Assignment
Begin at the line that has "techniques: etching", stop after the line that has "techniques: striking", and print exactly those lines from the records below, without any pictures.

Stored entries
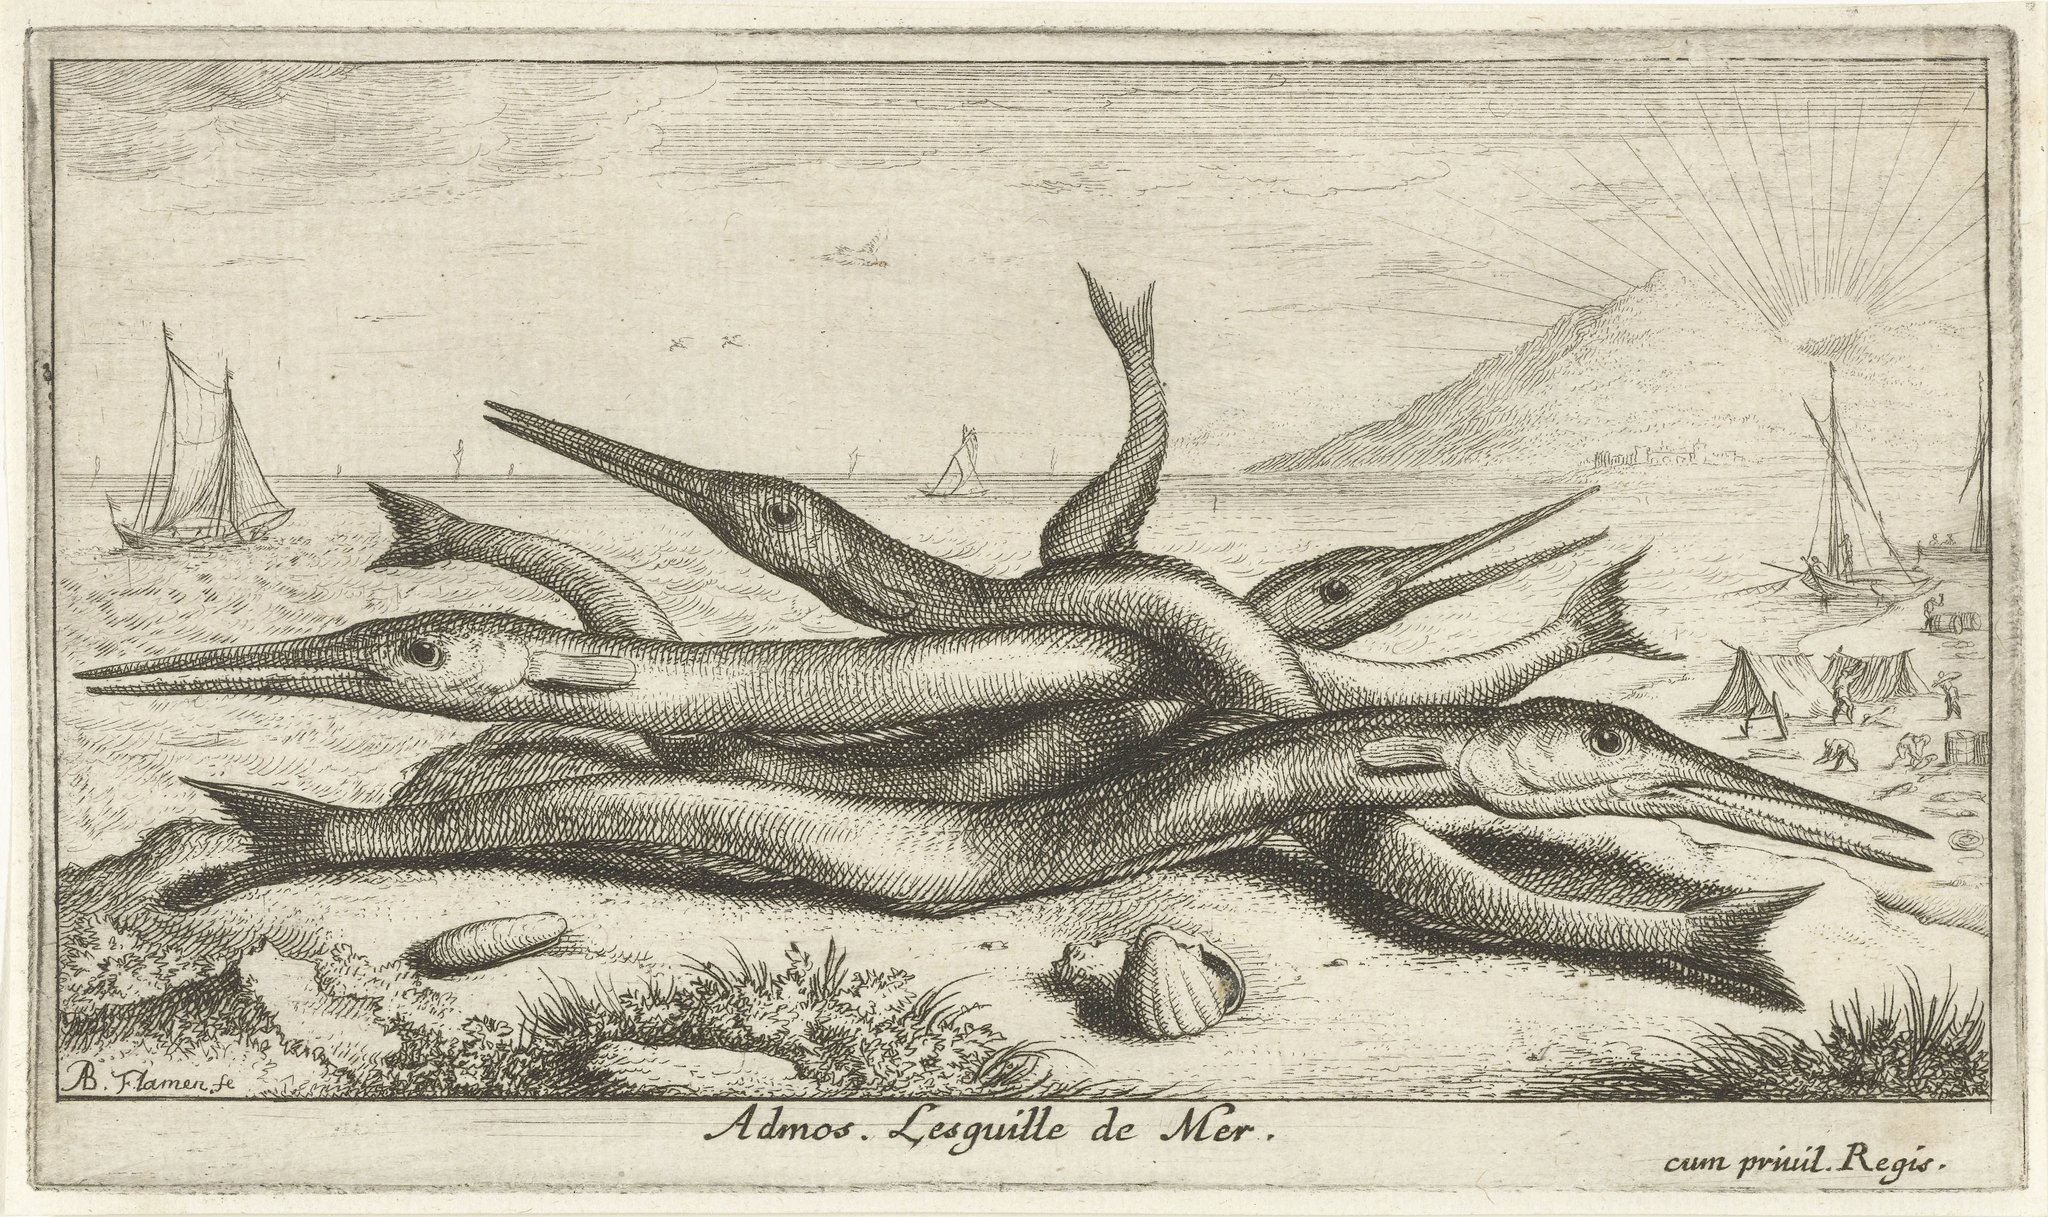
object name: print
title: Gepen op het strand
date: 1664
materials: paper
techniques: etching
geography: paris
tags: fishes
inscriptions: collector's mark: Lugt 2228
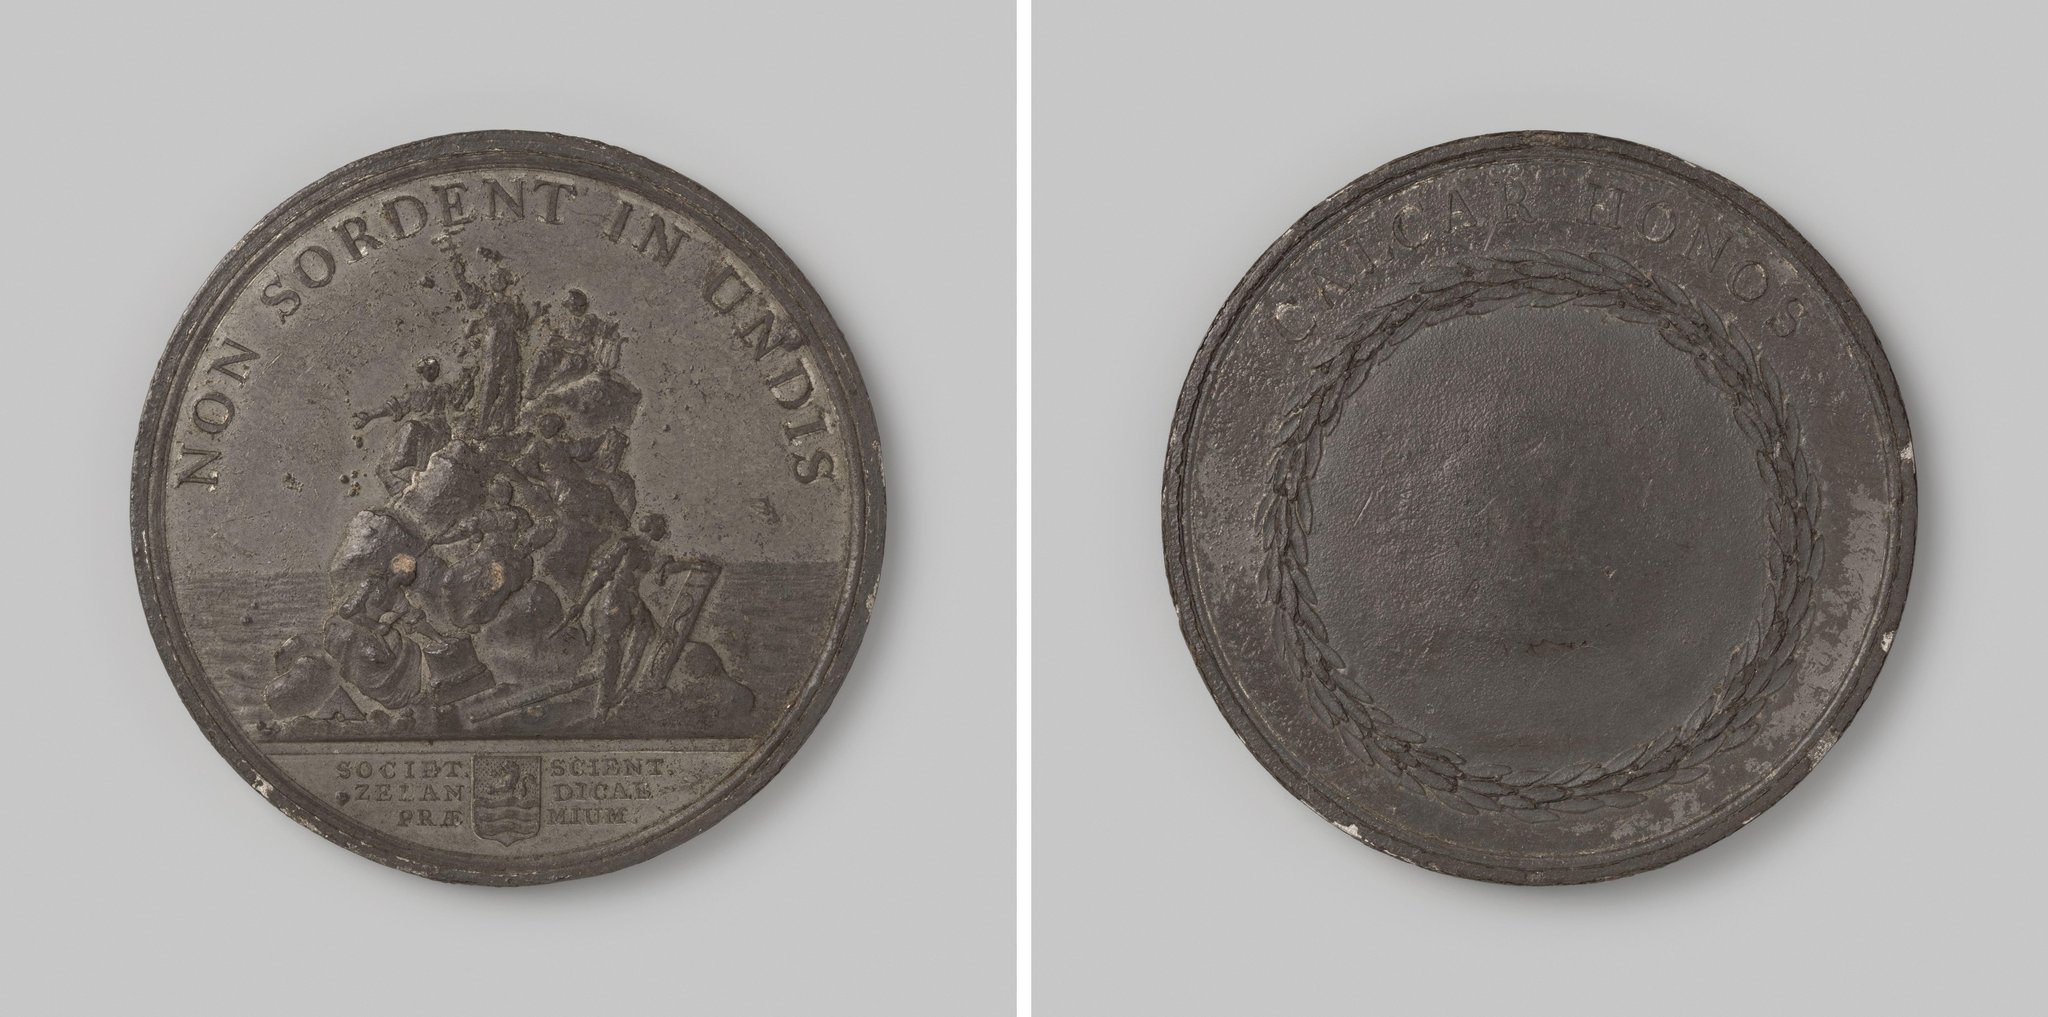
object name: history medal
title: Prijspenning van het Zeeuws Genootschap van Wetenschappen, afgieting in tin zonder inscriptie
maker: barend christiaan van calker
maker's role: medailleur
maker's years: 1739-1813
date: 1769
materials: tin
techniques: striking
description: Tinnen penning, op de voorzijde de zeven Vrije Kunsten op een rots in zee, met omschrift en afsnedetekst, op de keerzijde een lauwerkrans met bovenaan een opschrift, de inscriptieruimte is ruw afgewerkt en wat bol.

Output for this exercise
techniques: etching
geography: paris
tags: fishes
inscriptions: collector's mark: Lugt 2228
object name: history medal
title: Prijspenning van het Zeeuws Genootschap van Wetenschappen, afgieting in tin zonder inscriptie
maker: barend christiaan van calker
maker's role: medailleur
maker's years: 1739-1813
date: 1769
materials: tin
techniques: striking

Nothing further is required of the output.